Wood is everywhere. Anywhere, really. Even in the offices of associations against deforestation: a global market worth 630 billion euros in 2021 alone. it will exceed € 900 billion in just 4 years. Okay, we all agree: reforestation alone will not help us heal all human damage, but do we really have to cut down every tree on the planet before we understand that we are killing ourselves?
A new solution promises an end to this vicious circle. What if we could "grow" wood with cellular agriculture, and use cultivated wood instead of cutting down trees? MIT confirmed this possibility, developing a technique that produces wood of any shape and size in the laboratory.
How did they do it?
In essence, MIT scientists have managed to give normal plant cells the same properties as stem cells. They extracted cells from the leaves of a flowering plant called Zinnia elegans, and then they kept them in liquid for a couple of days. In the next step, the researchers "enriched" these plant cells with nutrients and hormones.
After a while, these plant cells produced new plant cells. By modulating the dosage of hormones, the researchers also modulated the physical and mechanical characteristics of the newly grown cells. Higher levels of hormones, stiffer material.
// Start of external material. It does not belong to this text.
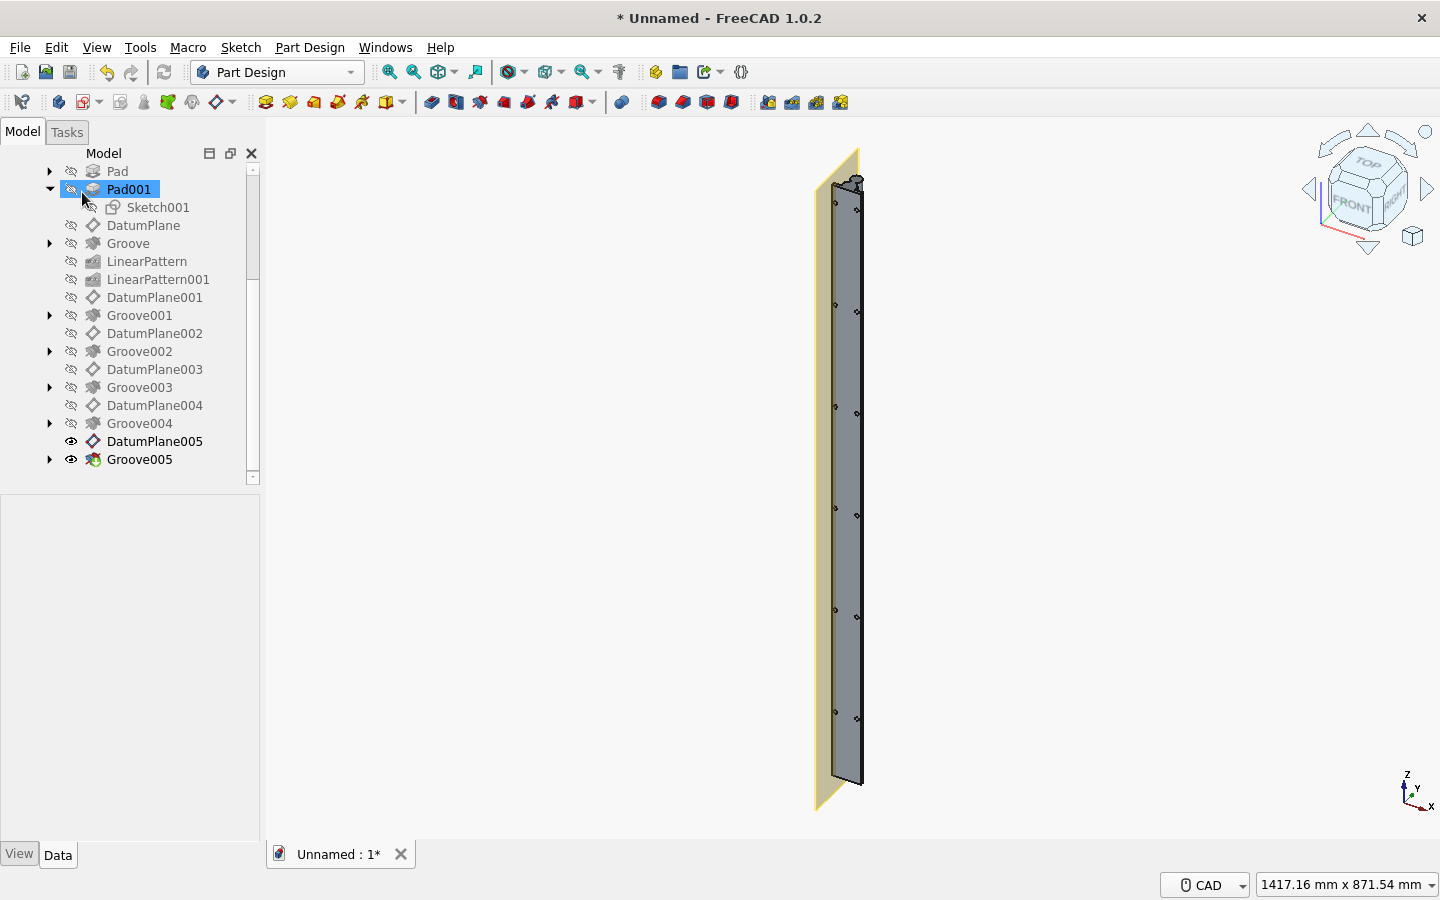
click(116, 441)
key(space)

According to the researcher Ashley Beckwith, who led the research, simply altering tiny amounts of these chemicals is enough to bring about significant changes in terms of physical results.
It goes to print: and without waste
Beckwith and her team were also able to 3D print custom-designed structures from cultured plant cells, using a 3D bioprinting method. The experiment was conducted for three months, keeping the plant material produced in the laboratory "incubated" in the dark. The cultivated wood stunned researchers: it not only survived, but also grown at twice the rate of a normal tree.
Excellent news also against waste, if you take into account that the processing of wooden furniture involves a loss of about 30% of the wood used. The bioprinting technique used at MIT does not generate any waste. Zero. No subtractive operations: in the future we could choose the shape of a chair, print it and stop. Not a single chip more.
When is the wood "grown" in the laboratory?
For now at MIT they have managed to show that this plant material can be grown in the laboratory and that its mechanical properties can be changed, but the research is still in its infancy. More studies and tests will be needed before the technique can be improved and used to "grow and print" the first furniture.
I can't wait for it to happen: every year we cut down 15 billion trees. Fifteen billion.
Each year, humans cull about 15 billion trees. A catastrophe that triggers a thousand problems related to climate change. If successful, this MIT "cultivated wood" will help us get rid of deforestation. Forever.